The fact that gentile’s like yours truly weren’t promised a homeland or descendants that will number the stars is beside all this—though if you think about it, that’s another pin jab in the Christian Nationalist’s inflatable foundation.
However we parse these connections, our prayers for the safety and peace of Jerusalem should come with confidence in God’s plans and sovereignty, here as much as anywhere. God swore on Himself that he’d keep his promises to Abraham—and for that reason alone, I’ll go so far as to say Jews and Christians have some basis for believing a theocratic terror state won’t fulfill its fantasy of wiping Israel off the map.
While that doesn’t mean Israelis should lay down their arms and sing ‘Kum-bay-yah’, it means we can prayerfully and actively support them as they fight for survival with profound hope and conviction. Said prayers go double for Israel’s salvation, for the veil, as it were, lifting from nine million eyes.
We can be all the more steadfast in our support because—and even with growing exceptions in places like West Africa—we Christians have the privilege of safety.
More and more, and even in Western cities, Jews do not.
That’s our clarion call to stand for them, to repeat Douglas Murray’s eloquent declaration that quotes the widow Ruth’s promise to her stepmother word for word:
‘Whither thou goest, I will go. And where thou lodgest, I will lodge. Thy people shall be my people and thy God my God.’ And I tell you this with utter certainty. If they keep coming for the Jews, they keep coming for you: I’ll tell you this. They may come for the Zionists. Very well. I am a Zionist.
They may keep coming for the Israelis. Very well. I’m an Israeli.
They may come continuously for the Jews. Very well. I’m a Jew.’
As am I.
As all of us, Christian or not, but especially Christian should be. Especially now.
Thanks for reading and please, please share.
Further Reading:
In City Journal, Eitan Fischberger explains how October 7th changed the world—not just the region. He succinctly argues that Israel’s fight on seven fronts is America’s fight as well the West’s.

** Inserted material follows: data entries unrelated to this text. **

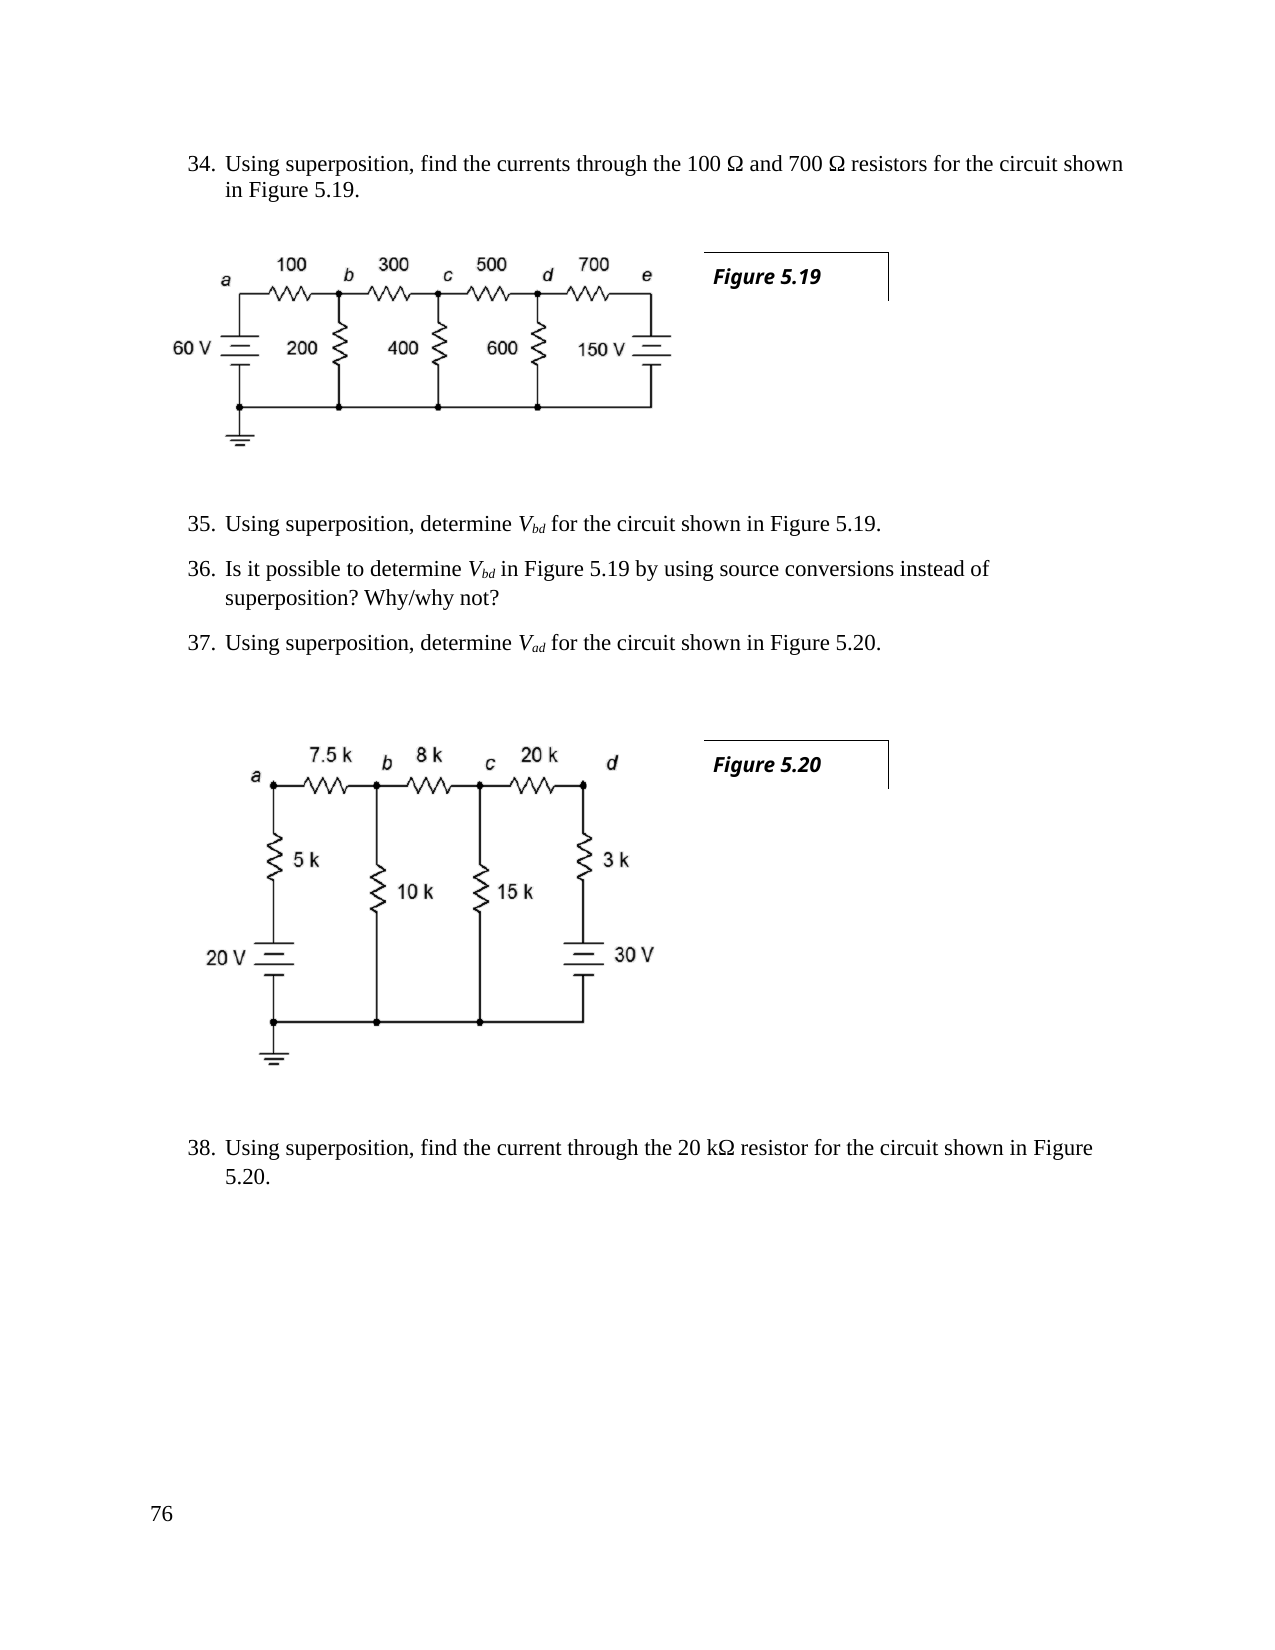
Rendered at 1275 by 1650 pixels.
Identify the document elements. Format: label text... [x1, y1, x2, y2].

list Figure 5.20 [713, 750, 879, 778]
list Using superposition, determine Vad for the circuit shown in Figure 5.20. [187, 628, 1125, 655]
list Figure 5.19 [713, 262, 879, 290]
list Using superposition, determine Vbd for the circuit shown in Figure 5.19. [187, 510, 1125, 537]
list Using superposition, find the currents through the 100 Ω and 700 Ω resistors for the circuit shown in Figure 5.19. [187, 150, 1125, 203]
list Using superposition, find the current through the 20 kΩ resistor for the circuit shown in Figure 5.20. [187, 1134, 1125, 1189]
picture [161, 229, 687, 466]
picture [187, 717, 668, 1090]
list Is it possible to determine Vbd in Figure 5.19 by using source conversions instead of superposition? Why/why not? [187, 555, 1125, 611]
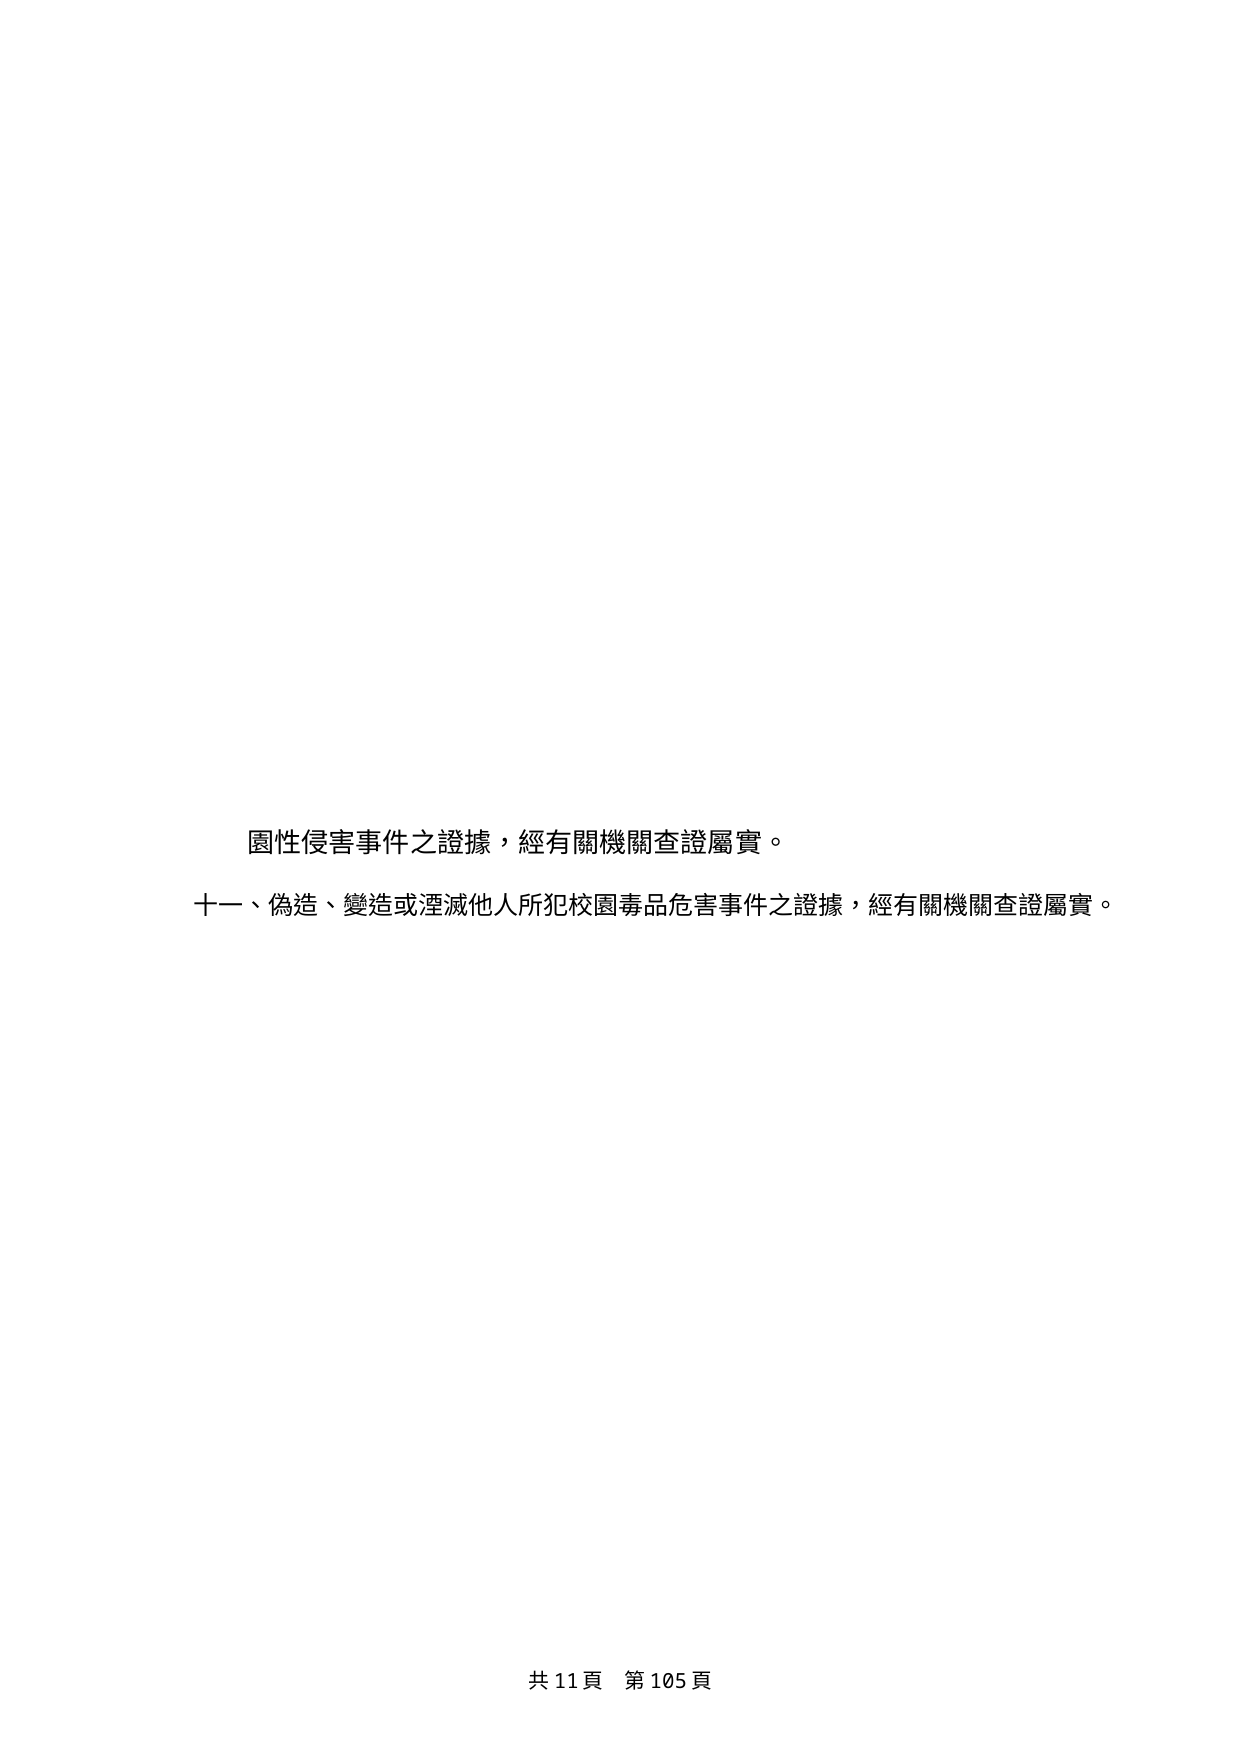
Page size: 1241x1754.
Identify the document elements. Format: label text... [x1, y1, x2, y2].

text 十一、偽造、變造或湮滅他人所犯校園毒品危害事件之證據，經有關機關查證屬實。 [168, 862, 1122, 924]
text 園性侵害事件之證據，經有關機關查證屬實。 [193, 799, 1122, 862]

Here’s his article: 365 Days of October 7
Further Listening:
Coming Up
A conversation with Dr. Neil Shenvi, Christian apologist, classical educator, and author of ‘Why Believe’
I’m excited for this one.
Charles Krauthammer. From his essay ‘At Last, Zion.’ Published in ‘The Weekly Standard: A Reader.’ pages 222 - 236.

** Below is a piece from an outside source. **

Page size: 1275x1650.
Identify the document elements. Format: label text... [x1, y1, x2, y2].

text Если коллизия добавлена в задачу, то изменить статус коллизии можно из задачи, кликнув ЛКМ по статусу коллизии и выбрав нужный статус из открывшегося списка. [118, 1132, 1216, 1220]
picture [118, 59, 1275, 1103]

Charles Krauthammer. ‘At Last, Zion.’
If you're reading this, there's some corrections I made from the version that emailed.
1. Lebanese Druze are not 'Druze Christians.'
Without getting too into the weeds, they are a syncretic blend of Abrahamic and other monotheistic faiths that developed under a sect of Shia Islam, with Arab language and culture.

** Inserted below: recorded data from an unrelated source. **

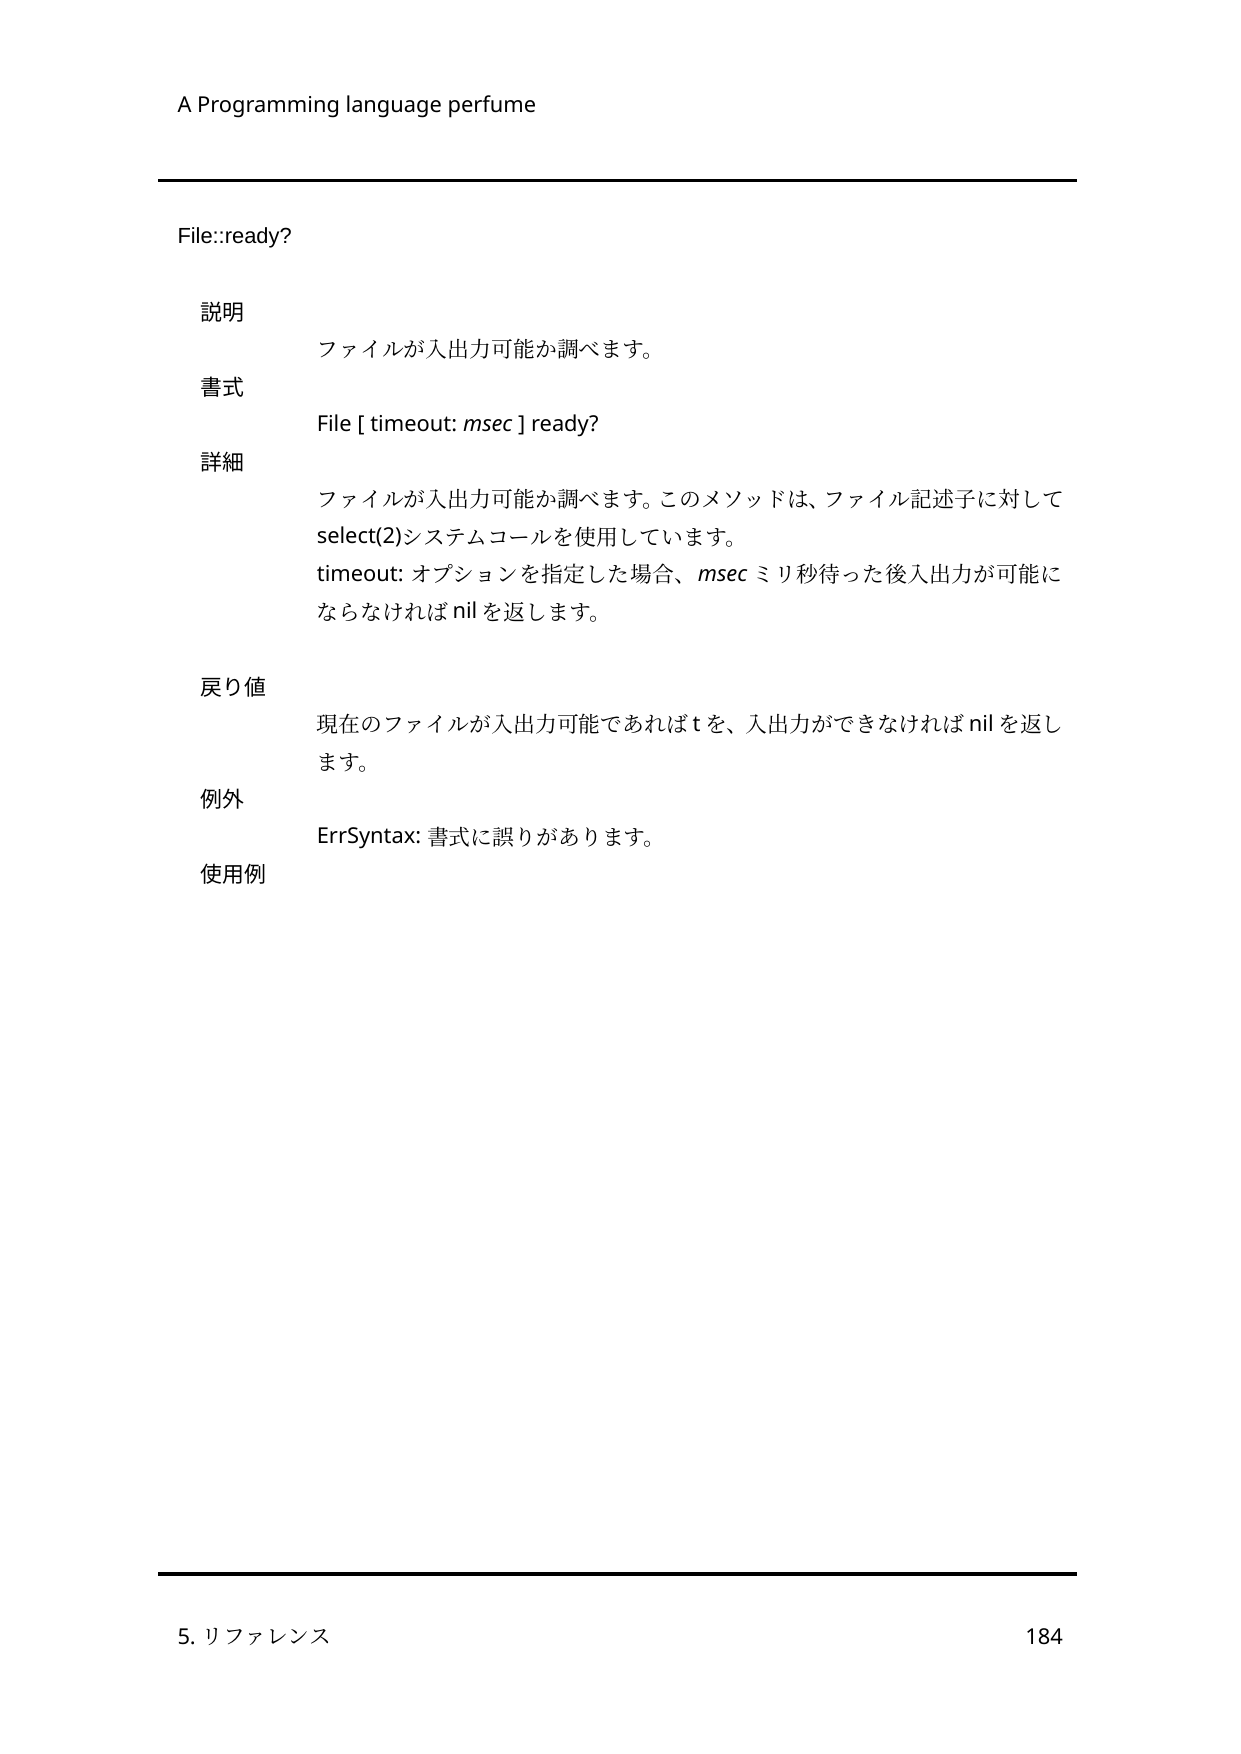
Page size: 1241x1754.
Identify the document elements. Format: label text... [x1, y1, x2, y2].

table_cell 詳細 [200, 442, 317, 642]
table_cell 戻り値 [200, 642, 317, 779]
table_cell 現在のファイルが入出力可能であればtを、入出力ができなければnilを返します。 [317, 642, 1063, 779]
table_header 説明 [200, 292, 317, 367]
table_cell 使用例 [200, 854, 317, 929]
table_cell 例外 [200, 779, 317, 854]
table_cell [317, 854, 1063, 929]
table_cell ファイルが入出力可能か調べます。このメソッドは、ファイル記述子に対してselect(2)システムコールを使用しています。 timeout: オプションを指定した場合、msecミリ秒待った後入出力が可能にならなければnilを返します。 [317, 442, 1063, 642]
table_cell File [ timeout: msec ] ready? [317, 367, 1063, 442]
table_cell ErrSyntax: 書式に誤りがあります。 [317, 779, 1063, 854]
table_cell 書式 [200, 367, 317, 442]
table_header ファイルが入出力可能か調べます。 [317, 292, 1063, 367]
subtitle File::ready? [177, 217, 1063, 254]

2. I included a small section that clarifies something -- I don't see modern-day Israel as a theocratic state under the same covenant with God as ancient Israel. Clearly, Israel is a modern, secular state. What I was trying to say initially (sometimes it takes more than one try), is that the OT connection to Israel, and in particular, God's promises to Abraham in Genesis add an element of wonder, symbolic poignancy, and for Christians, trust in God's plan for the Jewish people, more than half of whom now live in their ancient homeland. I'm also not saying that the state of Israel is direct prophet fulfillment, though it very well could be.
3. Christians are not obligated to support Israel's war efforts for Biblical reasons; they are obligated because Israel's defensive war against aggressors who want their destruction is clear, moral/ethical, and necessary. With Oct 7th and Iran's missile barrage, that moral dimension, though not a carte blanche justification for anything Israel could ever do, should be clearer than ever.
Hope that helps -- and thank you to readers who emailed me and pointed out that I should address these areas.